Law had looked up at her with a kindling of understanding in his eyes, the concept of a new family member exciting, but not quite grasping what that really meant in its entirety; attentions split and a new normality to get used to. He was rather bright for his age, but she knew never to set any expectation too high — even if he surprised her more times than not.

She looked at him then, watching as he took in her words, and she wondered who her newborn would become; their interests and motives, the color of their hair. Her first took much after his father, what would _her_ features look like on another?

The prospect was as exciting as it was endearing, and she inclined her head in question as she asked her child — “Do you understand?”

\---

The new little life in their lives was as cheerful as she was playful, absorbing the sun and emulating its rays through her laughter and bright, shining eyes.

She rode high on her father’s shoulders, fell asleep to her mother’s lullabies, and took to calling her brother by title almost as soon as she declared herself who she was; walking and talking on her own two feet, hands full of snowy flowers and an ever-present smile to her lips.

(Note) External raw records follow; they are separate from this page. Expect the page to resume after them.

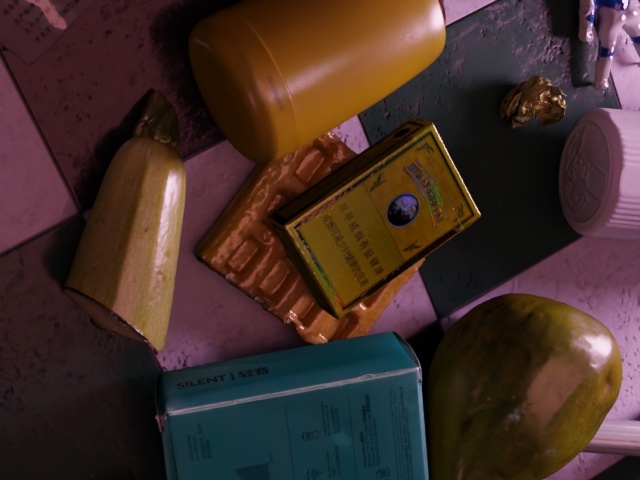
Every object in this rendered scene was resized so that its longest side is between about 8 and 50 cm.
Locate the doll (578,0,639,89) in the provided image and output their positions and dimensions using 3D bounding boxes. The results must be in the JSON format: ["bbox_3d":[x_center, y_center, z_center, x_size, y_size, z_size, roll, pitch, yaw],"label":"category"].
[{"bbox_3d":[0.377,-0.316,1.556,0.114,0.057,0.227,-22,120,-10],"label":"doll"}]

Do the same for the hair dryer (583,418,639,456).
[{"bbox_3d":[0.406,0.267,1.684,0.358,0.173,0.107,6,96,-5],"label":"hair dryer"}]

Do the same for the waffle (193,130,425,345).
[{"bbox_3d":[0.000,0.000,1.473,0.248,0.055,0.221,39,85,-26],"label":"waffle"}]

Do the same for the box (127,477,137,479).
[{"bbox_3d":[-0.251,0.317,1.445,0.082,0.051,0.023,-18,107,-18],"label":"box"}]

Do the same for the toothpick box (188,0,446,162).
[{"bbox_3d":[0.005,-0.217,1.358,0.271,0.175,0.175,-29,112,-18],"label":"toothpick box"}]

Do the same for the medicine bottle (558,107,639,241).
[{"bbox_3d":[0.519,-0.068,1.591,0.395,0.242,0.242,-1,103,-15],"label":"medicine bottle"}]

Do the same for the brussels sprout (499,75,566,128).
[{"bbox_3d":[0.269,-0.176,1.546,0.085,0.058,0.085,-20,143,-15],"label":"brussels sprout"}]

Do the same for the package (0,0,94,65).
[{"bbox_3d":[-0.298,-0.336,1.260,0.204,0.062,0.251,40,89,-25],"label":"package"}]

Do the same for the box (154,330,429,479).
[{"bbox_3d":[-0.033,0.241,1.448,0.312,0.118,0.205,-10,109,-9],"label":"box"}]

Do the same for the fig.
[{"bbox_3d":[0.222,0.201,1.513,0.314,0.233,0.233,-30,113,-25],"label":"fig"}]

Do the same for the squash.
[{"bbox_3d":[-0.209,-0.025,1.338,0.137,0.137,0.287,9,96,-25],"label":"squash"}]

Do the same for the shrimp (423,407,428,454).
[{"bbox_3d":[0.114,0.302,1.607,0.161,0.049,0.166,-22,118,-18],"label":"shrimp"}]

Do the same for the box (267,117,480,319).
[{"bbox_3d":[0.066,-0.028,1.428,0.220,0.064,0.141,-35,112,-14],"label":"box"}]

She wasn’t prone to sticking her nose in a book like Law was — be it fabricated or factual — and her mother knew her daughter wasn’t meant for delicacy, trailing her prettiest dresses through the mud and a preference for skipping stones in the garden ponds. Lami wasn’t made for holding scalpels or tending to the sick and elderly. She was destined for something beyond the hospital walls and, perhaps, even their town itself.

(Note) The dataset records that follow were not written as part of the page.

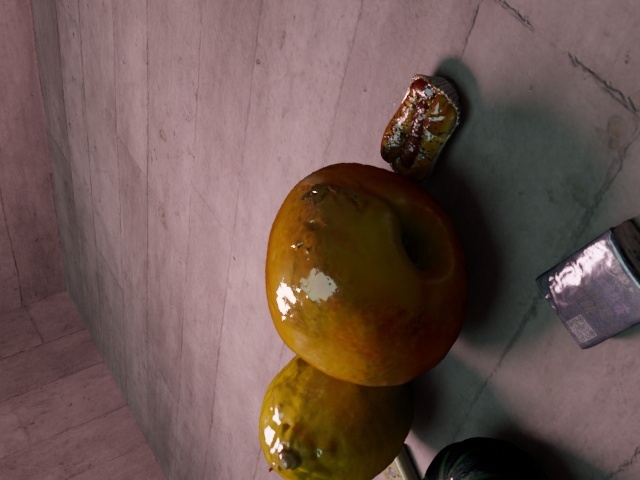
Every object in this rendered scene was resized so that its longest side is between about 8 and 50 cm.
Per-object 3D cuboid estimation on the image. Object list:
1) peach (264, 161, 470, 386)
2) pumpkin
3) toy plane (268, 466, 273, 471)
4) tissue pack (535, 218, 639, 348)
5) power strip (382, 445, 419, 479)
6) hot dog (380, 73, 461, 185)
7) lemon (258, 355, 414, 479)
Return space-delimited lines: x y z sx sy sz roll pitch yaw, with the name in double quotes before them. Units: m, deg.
"peach" 0.057 0.058 1.200 0.372 0.290 0.373 26 151 16
"pumpkin" 0.272 0.439 1.194 0.248 0.248 0.248 39 140 43
"toy plane" -0.075 0.604 1.979 0.077 0.126 0.194 -22 48 34
"tissue pack" 0.348 0.059 0.952 0.112 0.051 0.156 59 150 13
"power strip" 0.172 0.501 1.568 0.092 0.034 0.268 -32 80 62
"hot dog" 0.146 -0.164 1.155 0.108 0.059 0.191 52 146 21
"lemon" 0.023 0.317 1.409 0.285 0.316 0.285 40 141 43

Whoever she dreamed of becoming, she would be — an endless list of possibilities, blank pages to fill up however way she saw fit. She had her whole life ahead of her, but for now, she was most influenced by the annual festivities, allowing their activities to direct some of her more fleeting hobbies.

There was a brief period of time where she wanted to be an actor and raided Law’s bookcase to reenact verdicts made by a master detective — she was the detective, and when she became bored of being that (because bless Law’s little heart, his novel collection, in his mother’s opinion, was the same rehashed story over and over again, and her daughter seemed inclined to agree), Lami wanted to become a singer instead.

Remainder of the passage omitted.